2. Je ne crois pas que sur le PLAN (STRICTEMENT) IDEOLOGIQUE, il devrait y avoir tellement de difference entre les partis CNDD-FDD et le Palipehutu-FNL.
Respectez son conjoint dans ces choix est primordial , si non ça serait une dictature et non une vie de couple
« Et nos enfants, quel sera leur parti? »
Mon commentaire:
1. « Le 18 janvier 1963, le nouveau gouverneur de l’Alabama (=Etat au sud des Etats-Unis), George Wallace, dans son discours inaugural appelait a « LA SEGREGATION AUJOURD’HUI, LA SEGREGATION DEMAIN, LA SEGREGATION POUR TOUJOURS… »

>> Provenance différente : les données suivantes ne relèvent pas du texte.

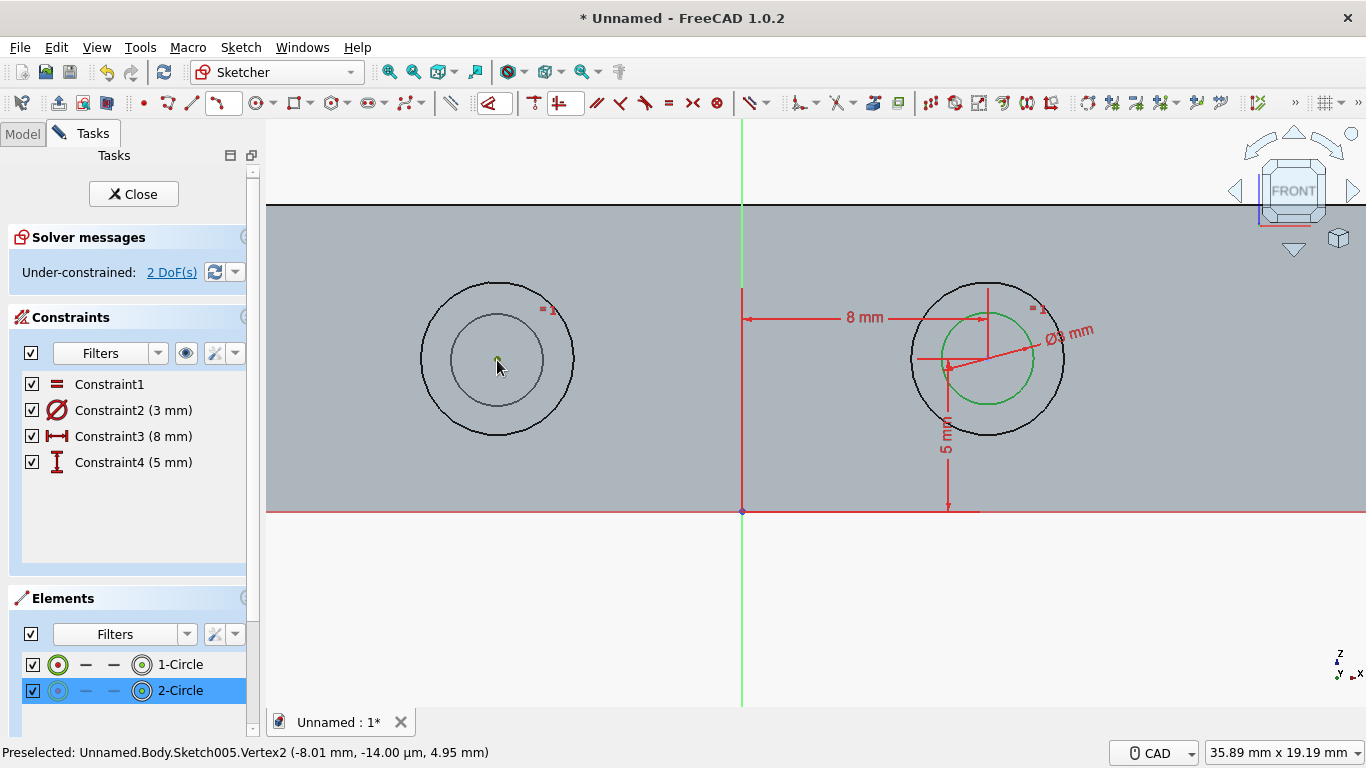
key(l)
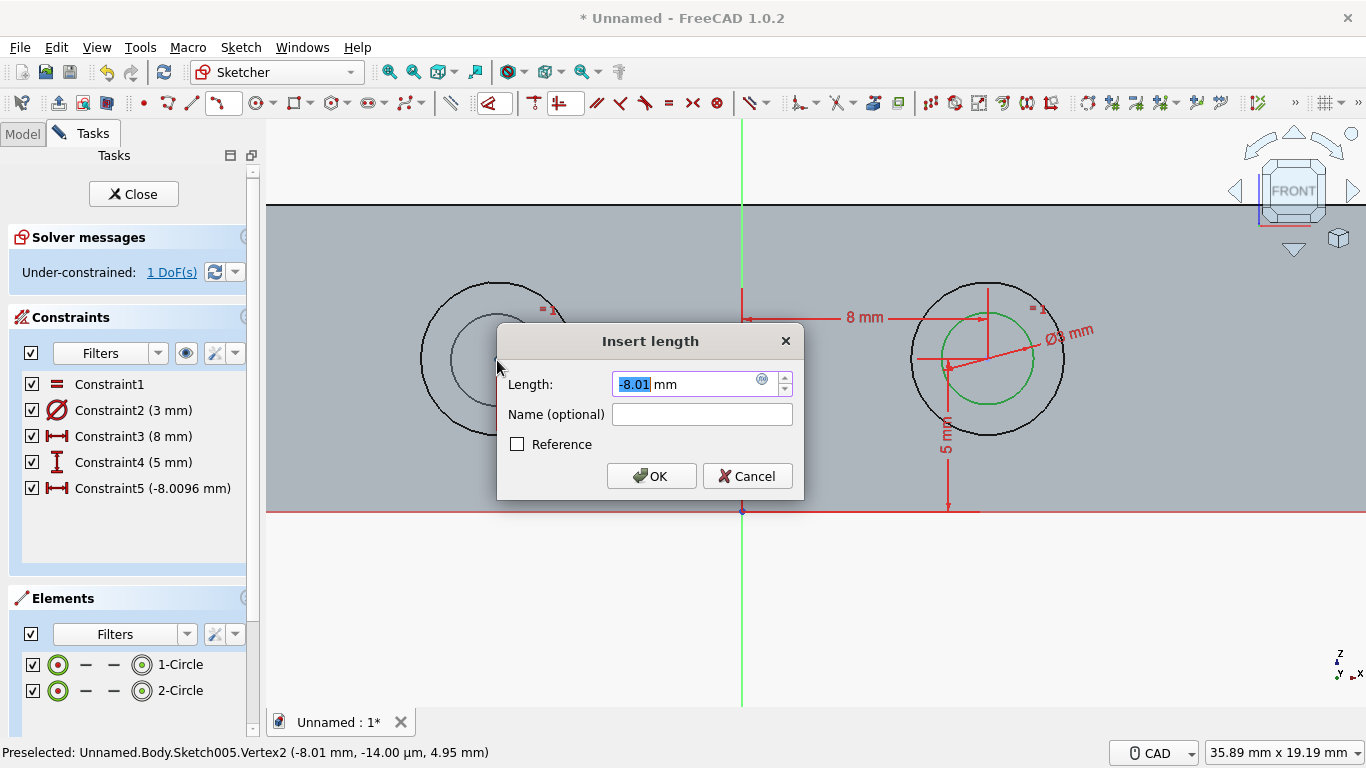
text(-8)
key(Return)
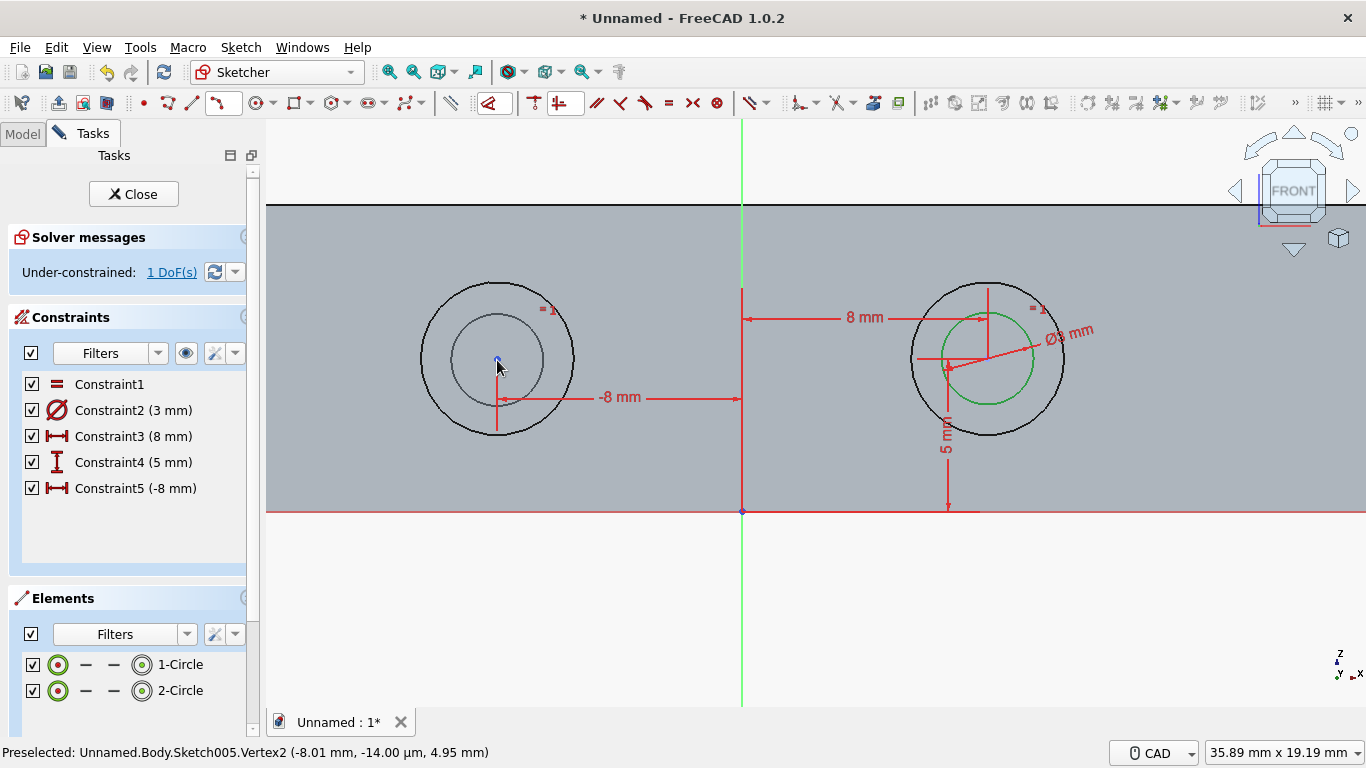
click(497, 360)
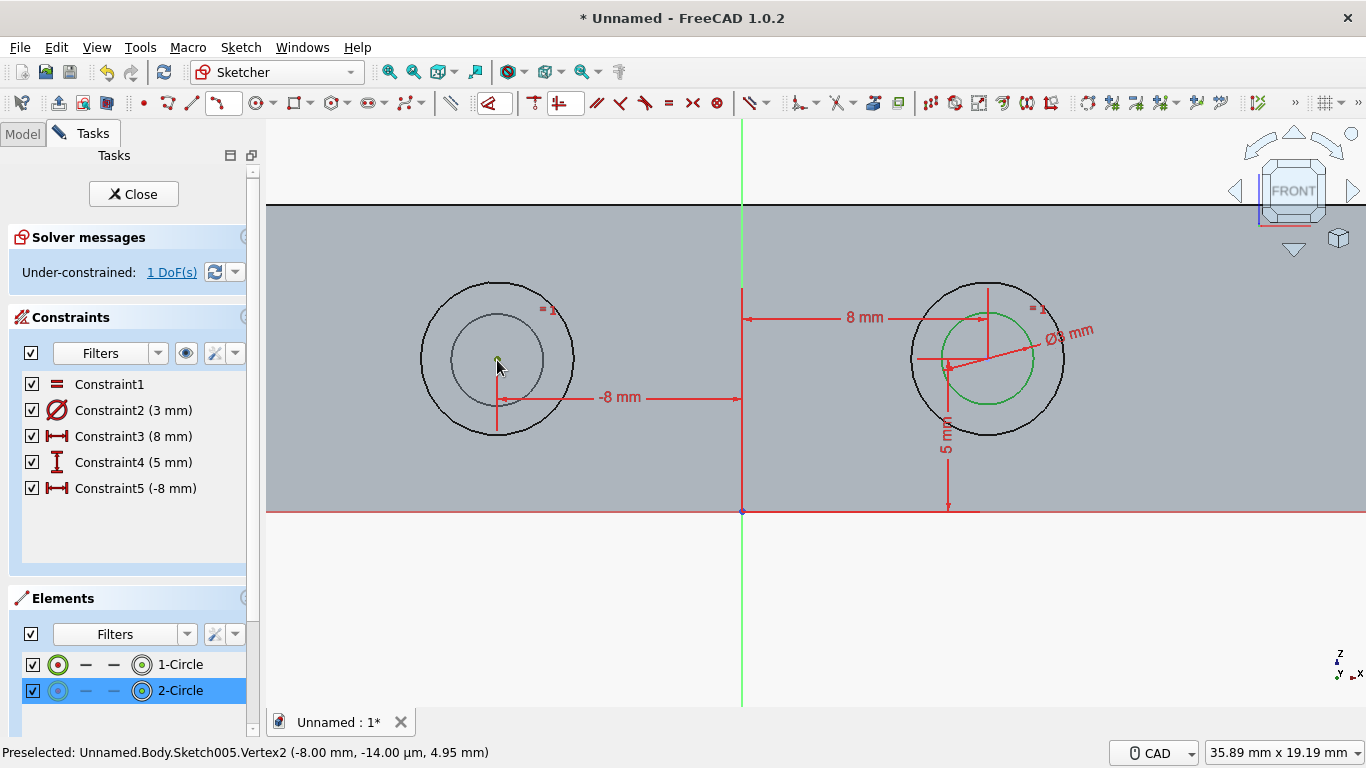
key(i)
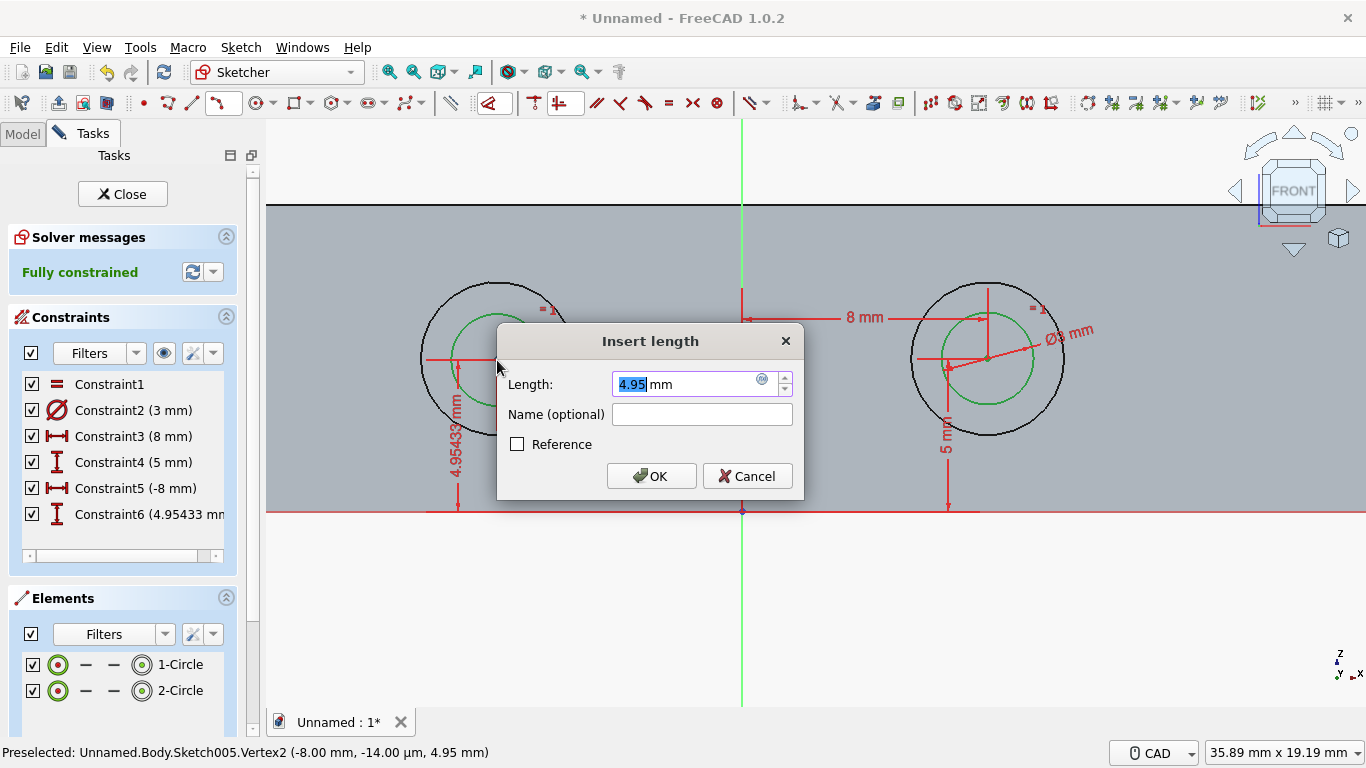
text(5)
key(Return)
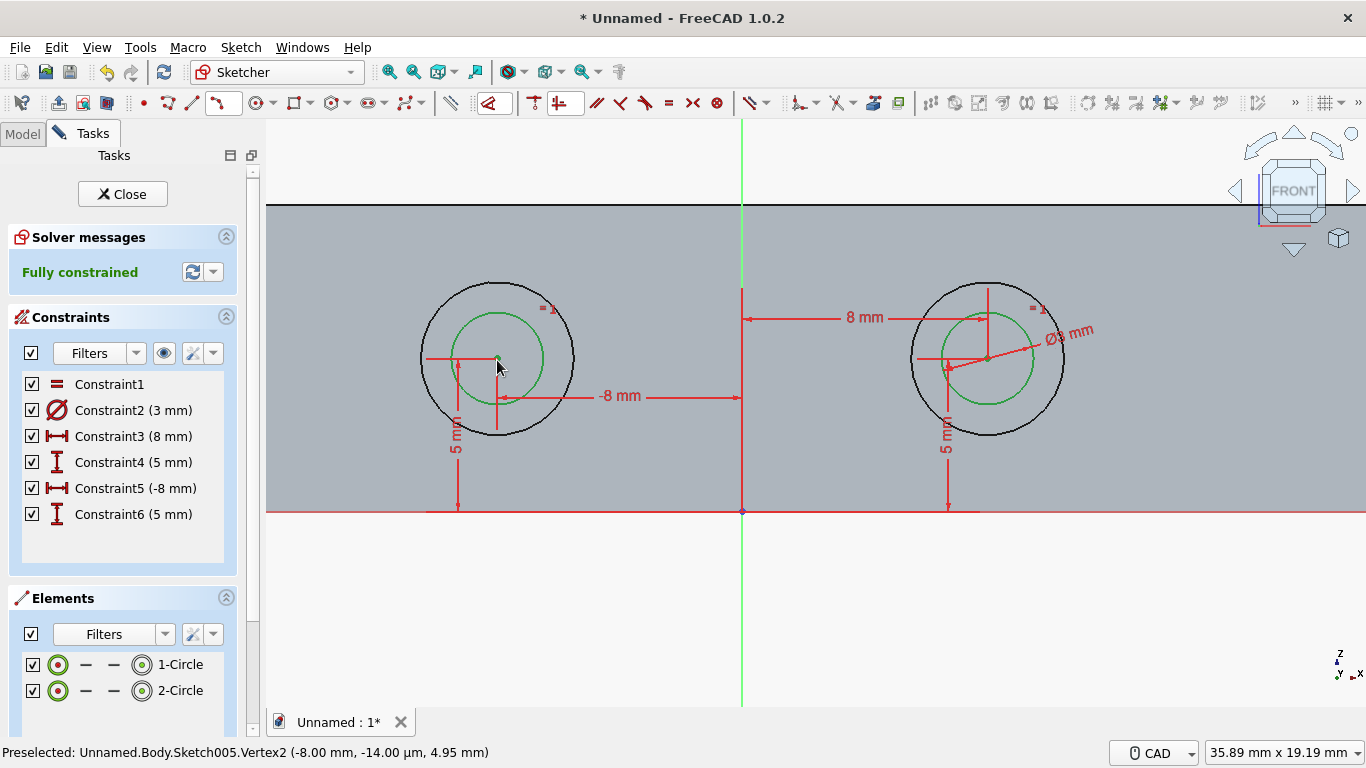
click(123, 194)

(Voir Histoire de la segregation raciale aux Etats-Unis d’Amerique. boowiki.info.
Il faut noter qu’il etait encore du parti democrate.
2. Aux elections presidentielles de 2016, la democrate Hillary Clinton a pu recolter 89% des voix des noirs americains.
(Voir Why so many Black voters are democrats, even when they aren’t liberal. https://fivethirtyeight.com, 26 February 2020).
Gaye fofana
Chaque personne doit avoir un droit d’appartenir au parti politique de son choix. C’est normal. Permettez moi de vous dire que l’article est très délicat et personne ne veut pas activer ce genre de débat, pas parce que c’est un tabou à craindre mais parce que la plupart des burundais pensent que le cas de différentes appartenances politiques chez les conjoints n’est pas possible à gérer. Certains couples trouvent remède dans la séparation comme si l’idéologie d’un parti vient écraser l’amour, la nature de leur relation. Je veux vous dire ce que je pense à ça….Jusqu’à maintenant le peuple burundais ne sait pas encore ce que c’est un parti politique, on l’observe clairement lors des meetings, des propagandes, des réunions, ou même des déclarations des dirigeants des partis dans les médias. J’ai 26 ans mais je n’ai jamais entendu un membre du pati entrain de parler de ce que son parti prévoit de l’économie du pays une fois élu, de la préservation de notre culture, des stratégies dans l’éducation, de la technologie qui permettrait au pays de s’adapter au monde actuel. Par contre, qu’est-ce qu’ils font? Bien sûr ils chantent des critiques à l’encontre des autres, des injures, des propos méchants. Alors, ils attendent que les burundais votent pour leur parti pour sa présentation spectaculaire comme si c’était une audition pour un musicien professionnel. Si un parti politique était considéré comme un moyen communautaire pour faire avancer le pays comme pour les association dans le développement, le mari et son épouse qui divergent leurs appartenances politiques auraient été Tresor impatients de partager paisiblement leurs points de vue pour le bien du pays et de la famille, les enfants et les voisins. La question qu’on devait alors se poser aujourd’hui est la suivante: C’est quoi un parti politique pour un murundi?